- Also known as: Mattina 2 (1989-1993), Mattina in famiglia (1993-2010), In famiglia - Mattina 2 (2003-2004)
- Genre: Morning news and talk
- Directed by: Marco Aprea (since 2010)
- Presented by: Beppe Convertini, Monica Setta and Ingrid Muccitelli
- Country of origin: Italy
- Original language: Italian
- No. of seasons: 35

Production
- Executive producer: Daniela Zefferi
- Production location: Rome
- Running time: 225 min (2009-2010, Saturday), 110 min (Saturday, since 2010), 200 min (2009-2010, Sunday), 180 min (Sunday, 2010-2022), 160 min (Sunday, from 2022)

Original release
- Network: Rai 2 (1989-2010, 13 December 2020), Rai 1 (since 2010)
- Release: 2 December 1989 – present

= Unomattina in famiglia =

Unomattina in famiglia is an Italian television programme, a spin-off of Unomattina, broadcast on Rai 2 from 1989 to 2010 and on Rai 1 since 2010. Since 2023, it has been hosted by Beppe Convertini, Ingrid Muccitelli, and Monica Setta.

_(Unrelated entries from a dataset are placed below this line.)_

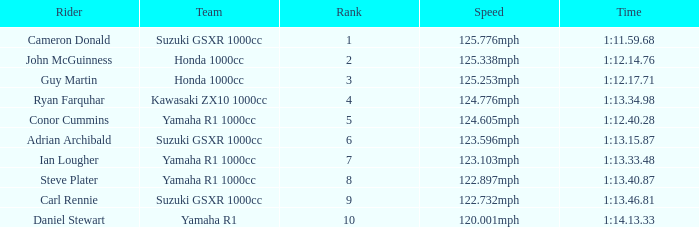What is the rank for the team with a Time of 1:12.40.28? 5.0. 
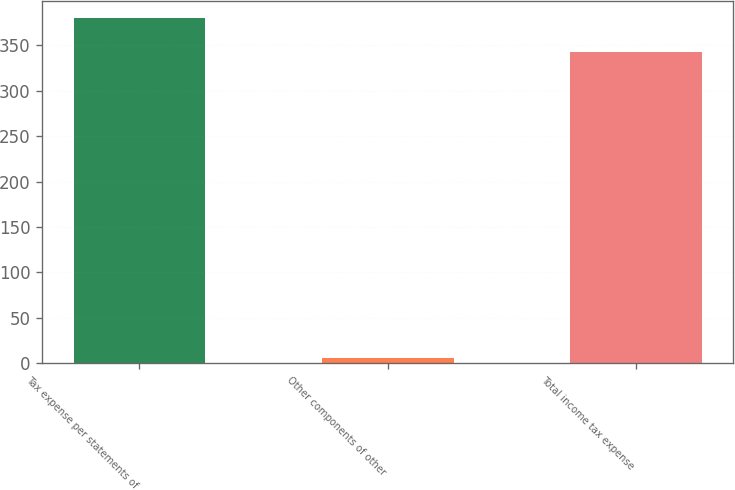<chart> <loc_0><loc_0><loc_500><loc_500><bar_chart><fcel>Tax expense per statements of<fcel>Other components of other<fcel>Total income tax expense<nl><fcel>380.4<fcel>5<fcel>343<nl></chart> 
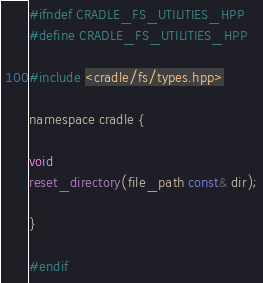Convert code to text. <code><loc_0><loc_0><loc_500><loc_500><_C_>#ifndef CRADLE_FS_UTILITIES_HPP
#define CRADLE_FS_UTILITIES_HPP

#include <cradle/fs/types.hpp>

namespace cradle {

void
reset_directory(file_path const& dir);

}

#endif
</code> 
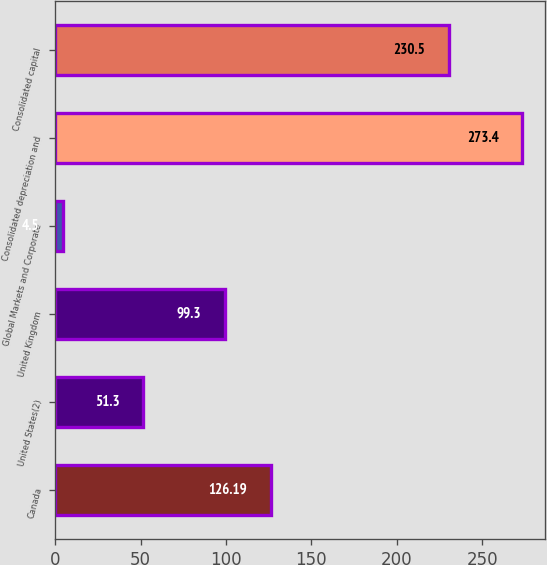Convert chart. <chart><loc_0><loc_0><loc_500><loc_500><bar_chart><fcel>Canada<fcel>United States(2)<fcel>United Kingdom<fcel>Global Markets and Corporate<fcel>Consolidated depreciation and<fcel>Consolidated capital<nl><fcel>126.19<fcel>51.3<fcel>99.3<fcel>4.5<fcel>273.4<fcel>230.5<nl></chart> 
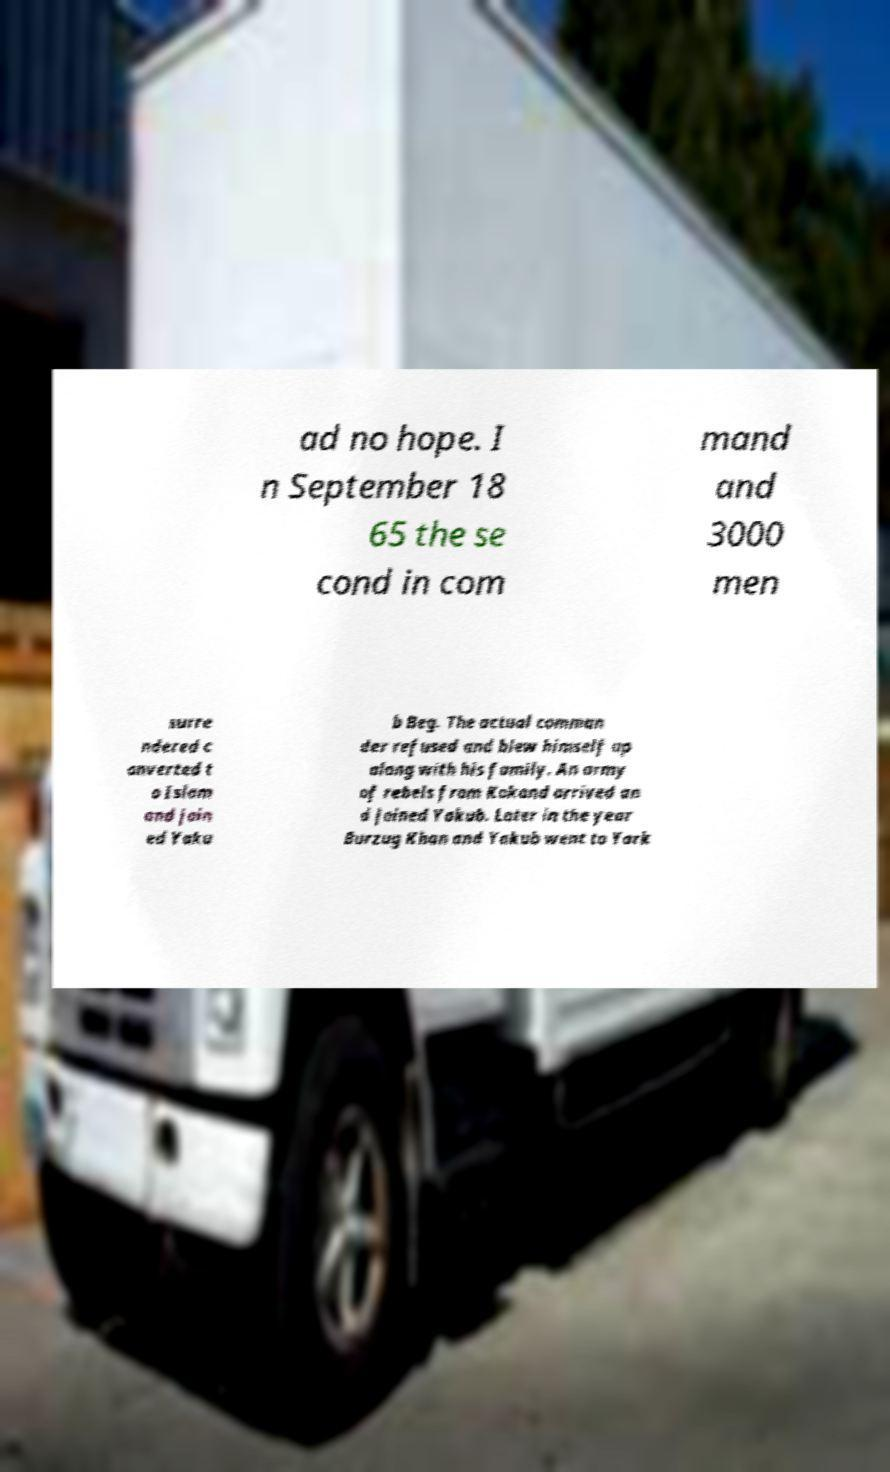Please identify and transcribe the text found in this image. ad no hope. I n September 18 65 the se cond in com mand and 3000 men surre ndered c onverted t o Islam and join ed Yaku b Beg. The actual comman der refused and blew himself up along with his family. An army of rebels from Kokand arrived an d joined Yakub. Later in the year Burzug Khan and Yakub went to Yark 
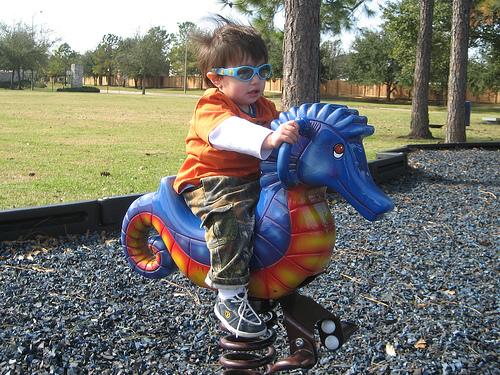<image>
Is the boy on the toy seahorse? Yes. Looking at the image, I can see the boy is positioned on top of the toy seahorse, with the toy seahorse providing support. Is the toddler on the seahorse? Yes. Looking at the image, I can see the toddler is positioned on top of the seahorse, with the seahorse providing support. Is the kid behind the seahorse? No. The kid is not behind the seahorse. From this viewpoint, the kid appears to be positioned elsewhere in the scene. 
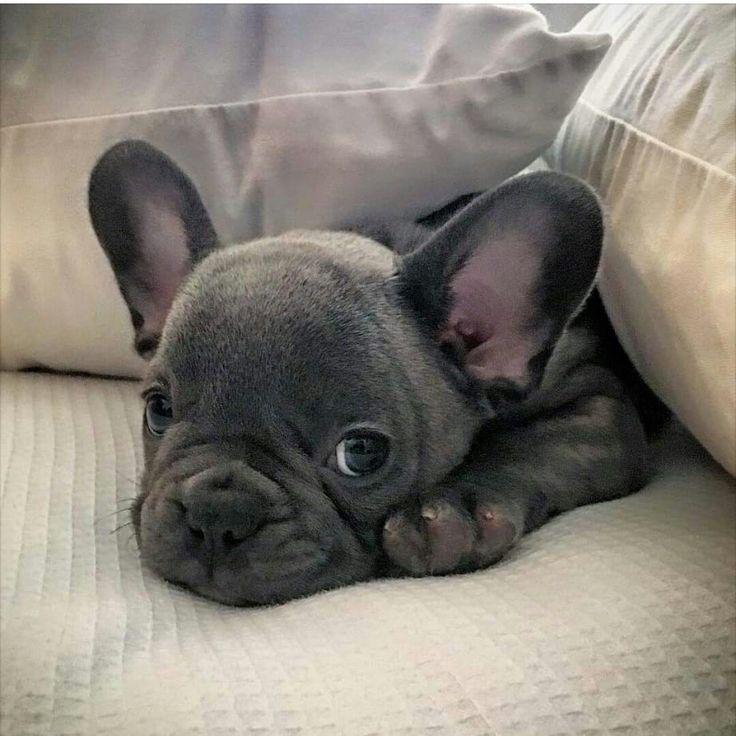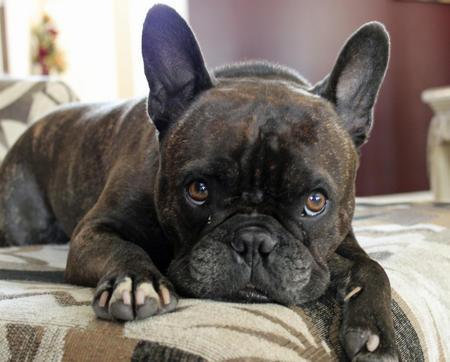The first image is the image on the left, the second image is the image on the right. Examine the images to the left and right. Is the description "All of the dogs are charcoal gray, with at most a patch of white on the chest, and all dogs have blue eyes." accurate? Answer yes or no. No. The first image is the image on the left, the second image is the image on the right. Examine the images to the left and right. Is the description "The dog in the image on the right is outside." accurate? Answer yes or no. No. 
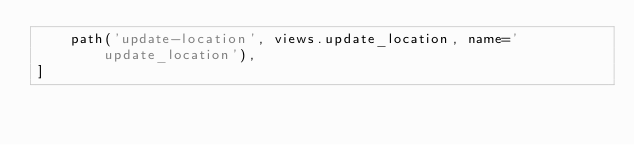Convert code to text. <code><loc_0><loc_0><loc_500><loc_500><_Python_>    path('update-location', views.update_location, name='update_location'),
]
</code>

During the live broadcast on Saturday, 26 November 2011, featuring the firefighters of Barcellona Pozzo di Gotto responding to the flood in Messina, a gaffe occurred. The presenters mistakenly announced the recovery of a missing person, when in fact the individual had died. Presenter Miriam Leone, unaware of the situation, asked the firefighters, "How are you?" in reference to the missing person, believing that they may still be alive.